The next morning, despite the rain, about half the group headed into town for a bike tour of Krakow which would take us around the old city, where we were staying and had eaten the night before; over to the Jewish quarter; and finally to the old Jewish ghetto, a tiny area of land where Jews had been forced to live during Nazi occupation of Krakow. The mix of architecture, history, religion and learning from the middle ages, renaissance, industrial age and modern age all mixed together on our tour and through the town, and the rain even let up a bit to allow us to enjoy the bike ride which took us along the river.
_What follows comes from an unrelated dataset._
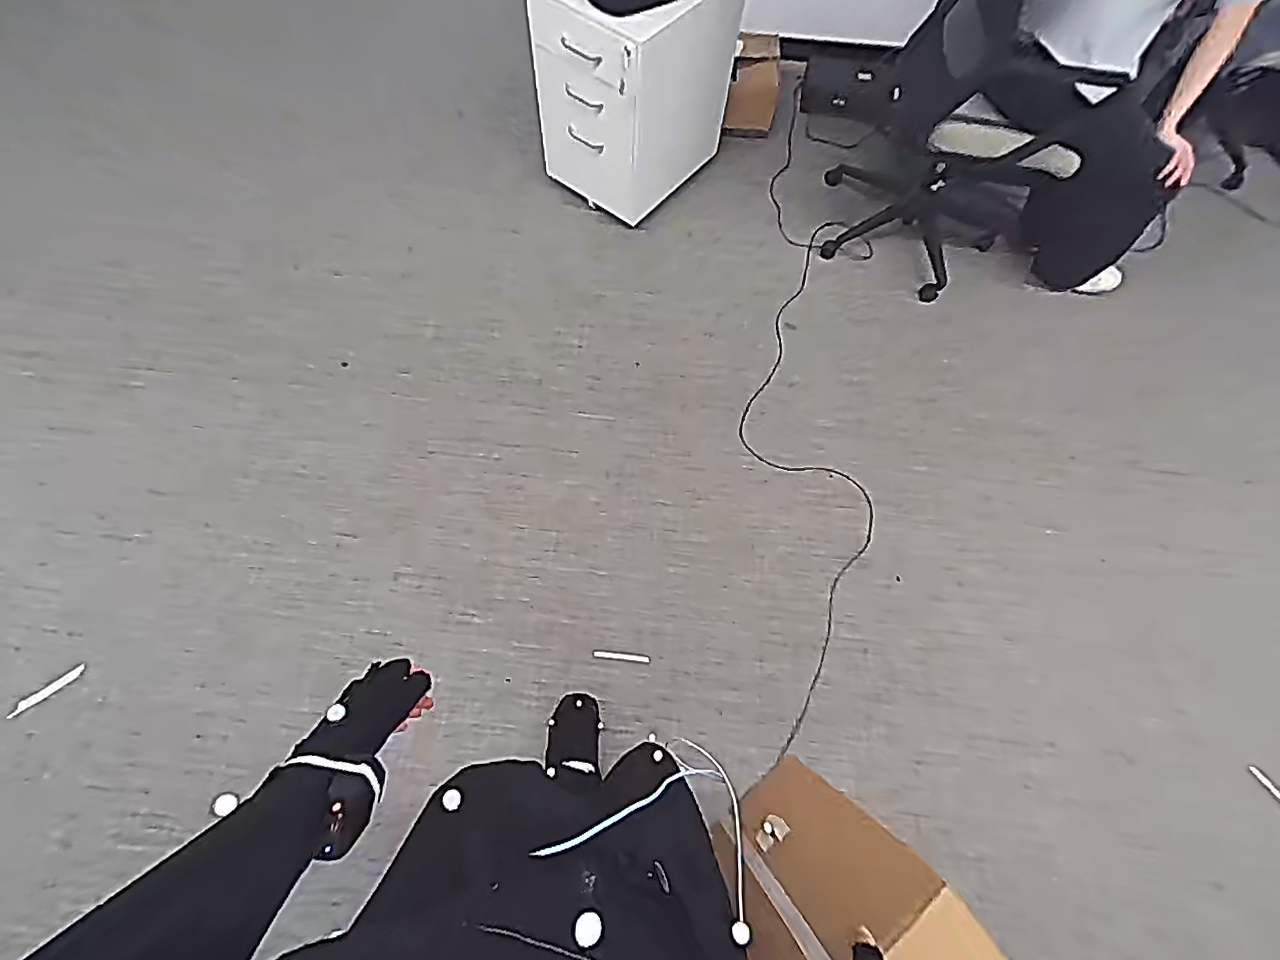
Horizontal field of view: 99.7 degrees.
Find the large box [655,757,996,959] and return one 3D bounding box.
[{"bbox_3d":[0.260,0.662,0.725,0.320,0.408,0.320,-39,87,-11],"label":"large box"}]
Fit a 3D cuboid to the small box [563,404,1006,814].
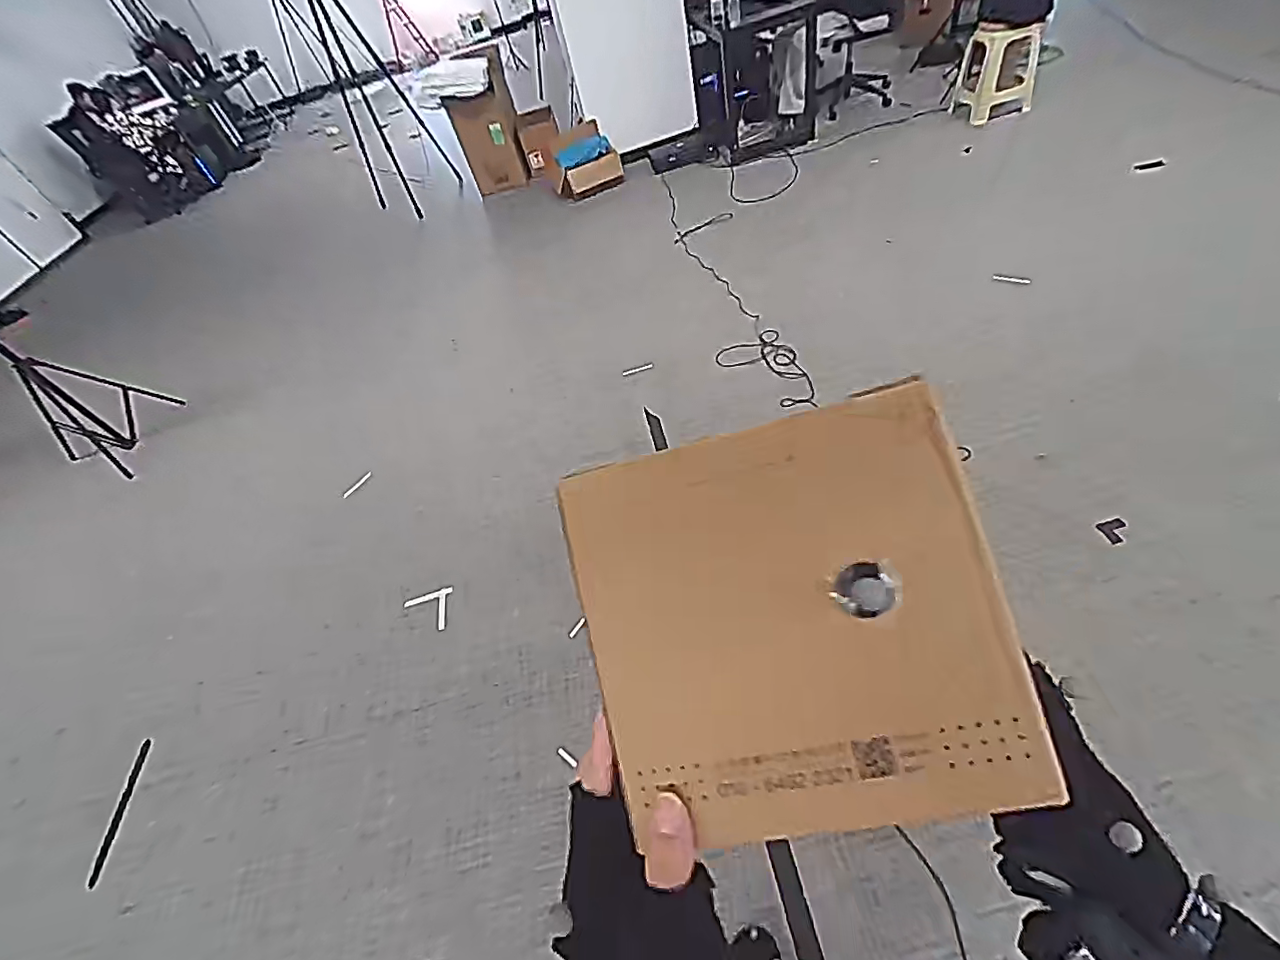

One of the highlights of the tour was the visit to Schindler’s Factory, a bright point in the terrible stories of atrocities committed against the Jewish people during the Second World War.

Memorial in the Jewish Ghetto of Krakow

Memorial in the old Jewish Ghetto of Krakow

After our bike tour, a group of us stopped for lunch where I tried the baked cheese, a local sheeps cheese baked until soft, warm and gooey, and served with cranberries and cowberries; and the Zur Starpolski, a very rich rye flour soup with a creamy base and loaded with smoked bacon, sausage and boiled egg. It was warm-up food for the afternoon which I would spend wandering the streets of Krakow, enjoying the sights and window shopping through both the souvenirs, clothing, jewelry and occasional full sheepskin. I also made my way up to the stunning Krakow palace.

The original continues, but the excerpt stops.